-------- Supplied information --------
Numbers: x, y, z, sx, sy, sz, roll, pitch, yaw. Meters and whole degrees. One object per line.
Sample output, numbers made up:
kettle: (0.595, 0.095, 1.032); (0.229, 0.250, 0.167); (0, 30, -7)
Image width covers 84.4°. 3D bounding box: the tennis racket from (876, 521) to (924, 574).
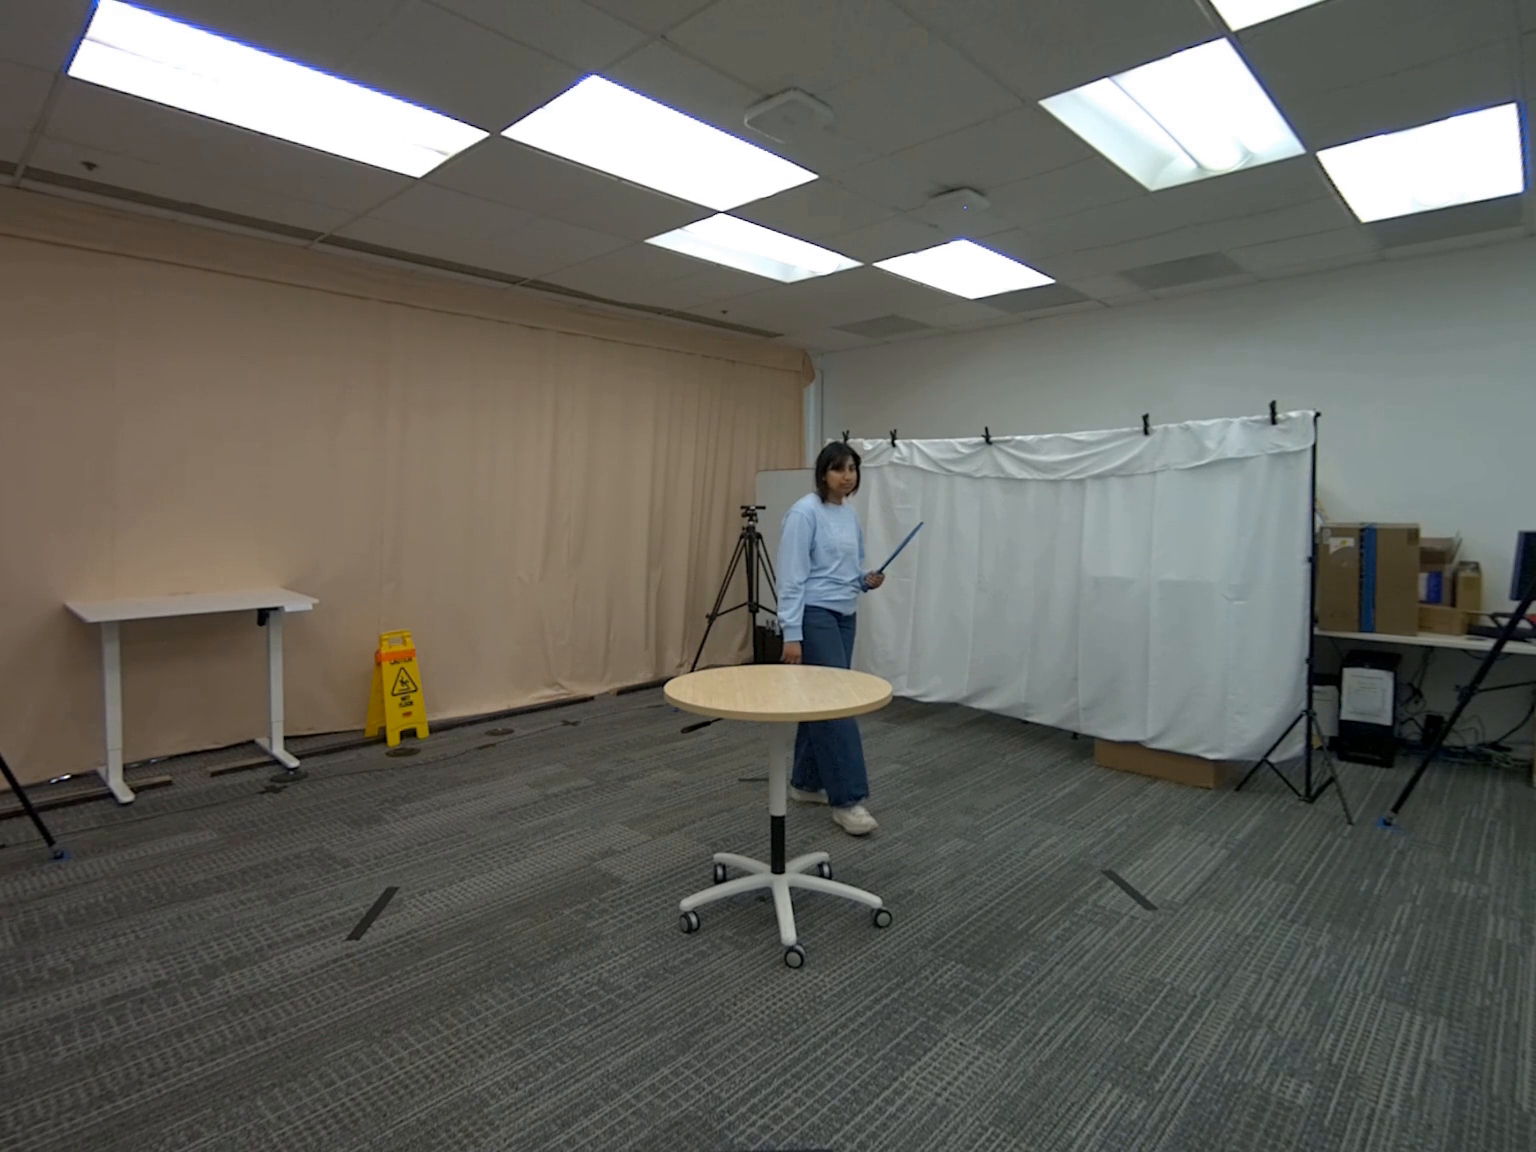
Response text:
tennis racket: (0.534, -0.083, 3.718); (0.032, 0.434, 0.211); (40, 31, 4)
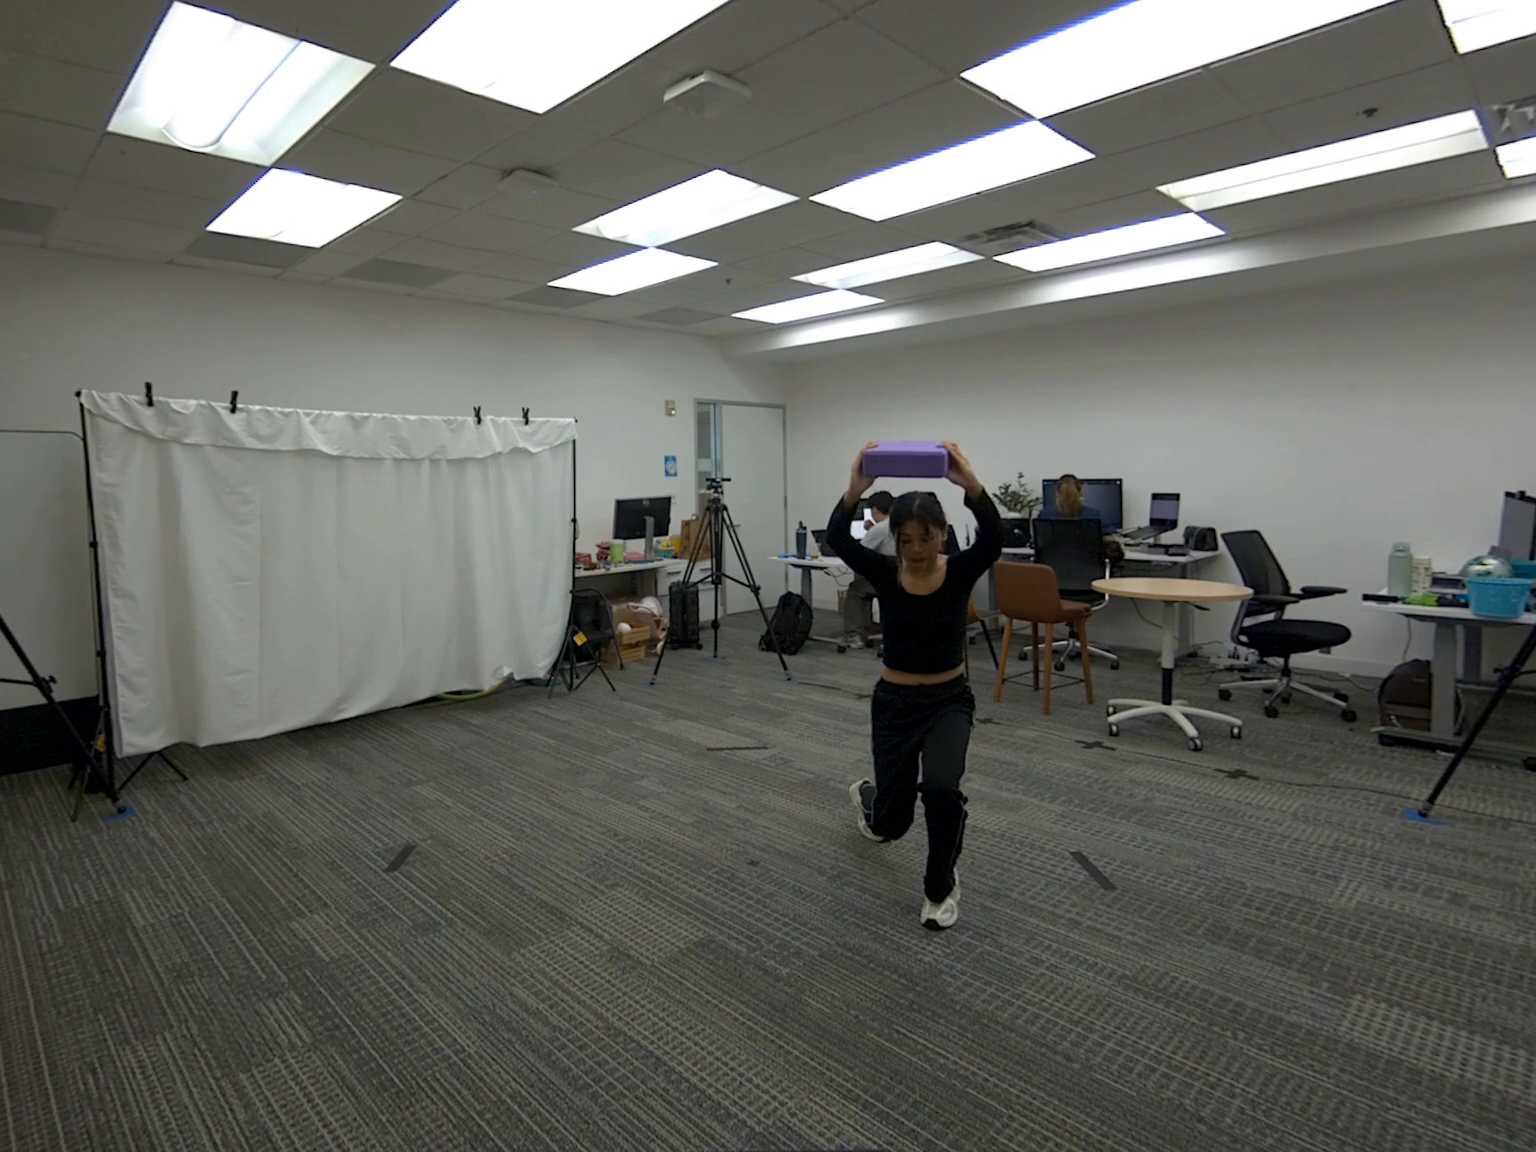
--------
- _Task details_: Transcribe nothing but the lines from the one containing "Sample output, numbers" through the final line of the records, exactly as written and without pictures.

- _Output of the exercise_:
Sample output, numbers made up:
kettle: (0.595, 0.095, 1.032); (0.229, 0.250, 0.167); (0, 30, -7)
Image width covers 84.4°. 3D bounding box: the tennis racket from (876, 521) to (924, 574).
Response text:
tennis racket: (0.534, -0.083, 3.718); (0.032, 0.434, 0.211); (40, 31, 4)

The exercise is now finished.